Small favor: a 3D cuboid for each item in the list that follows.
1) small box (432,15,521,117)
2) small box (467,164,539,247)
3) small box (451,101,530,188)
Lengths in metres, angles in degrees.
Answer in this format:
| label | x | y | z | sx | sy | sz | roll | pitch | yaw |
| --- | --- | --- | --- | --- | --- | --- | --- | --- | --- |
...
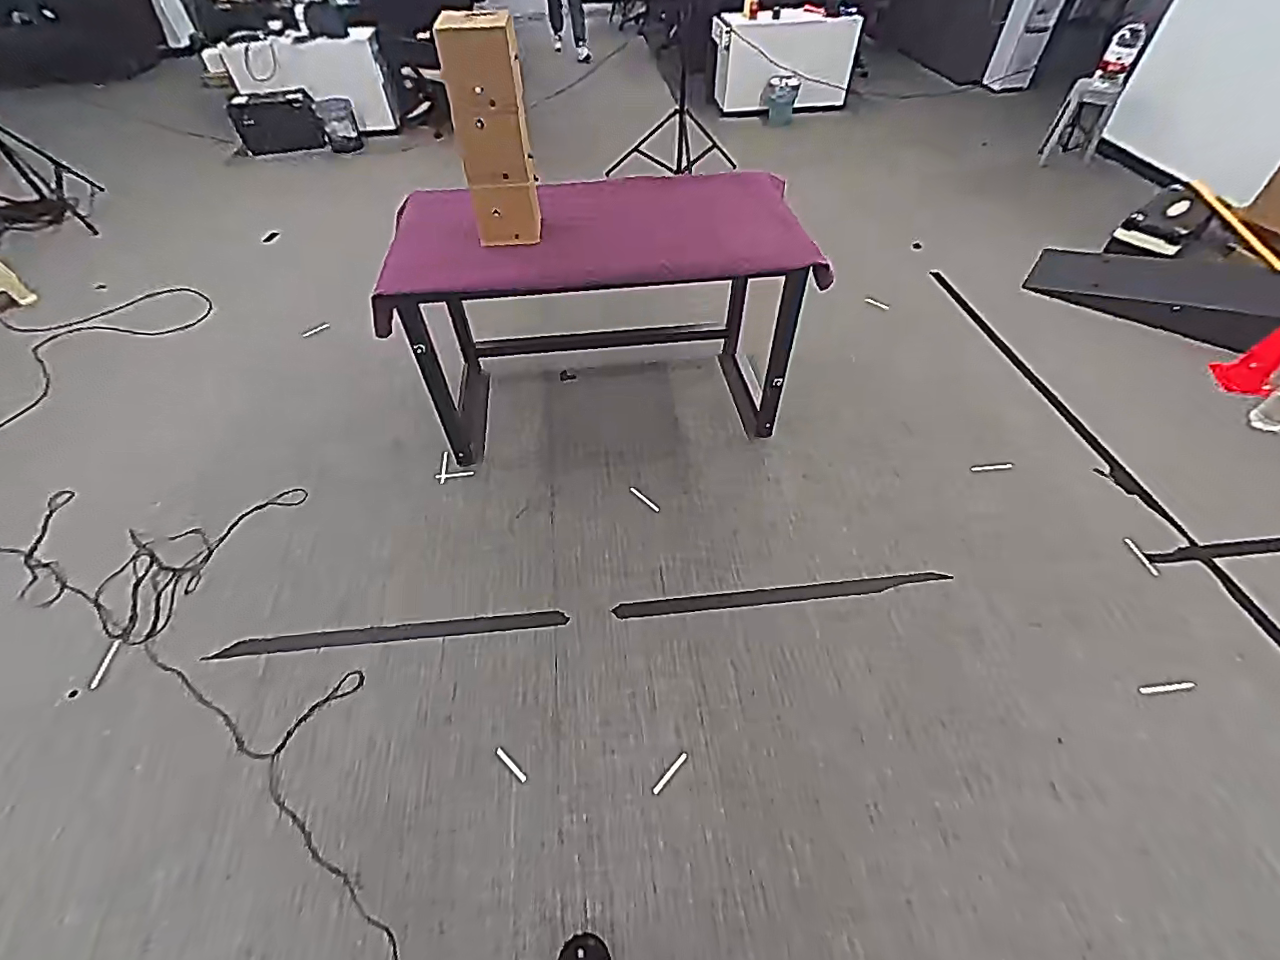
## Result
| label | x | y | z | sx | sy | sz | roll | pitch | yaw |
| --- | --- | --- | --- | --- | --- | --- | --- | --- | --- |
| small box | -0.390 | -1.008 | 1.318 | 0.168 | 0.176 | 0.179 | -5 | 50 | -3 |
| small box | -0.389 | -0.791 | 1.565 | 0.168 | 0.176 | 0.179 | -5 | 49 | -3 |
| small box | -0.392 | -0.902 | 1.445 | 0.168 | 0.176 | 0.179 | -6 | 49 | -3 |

> **Exercise**
Start with the line holding "2) small box (467,164,539,247)" and repeat exactly every line through the final line of the records above, but no pictures and nothing more.

> **Your response**
2) small box (467,164,539,247)
3) small box (451,101,530,188)
Lengths in metres, angles in degrees.
Answer in this format:
| label | x | y | z | sx | sy | sz | roll | pitch | yaw |
| --- | --- | --- | --- | --- | --- | --- | --- | --- | --- |
...
## Result
| label | x | y | z | sx | sy | sz | roll | pitch | yaw |
| --- | --- | --- | --- | --- | --- | --- | --- | --- | --- |
| small box | -0.390 | -1.008 | 1.318 | 0.168 | 0.176 | 0.179 | -5 | 50 | -3 |
| small box | -0.389 | -0.791 | 1.565 | 0.168 | 0.176 | 0.179 | -5 | 49 | -3 |
| small box | -0.392 | -0.902 | 1.445 | 0.168 | 0.176 | 0.179 | -6 | 49 | -3 |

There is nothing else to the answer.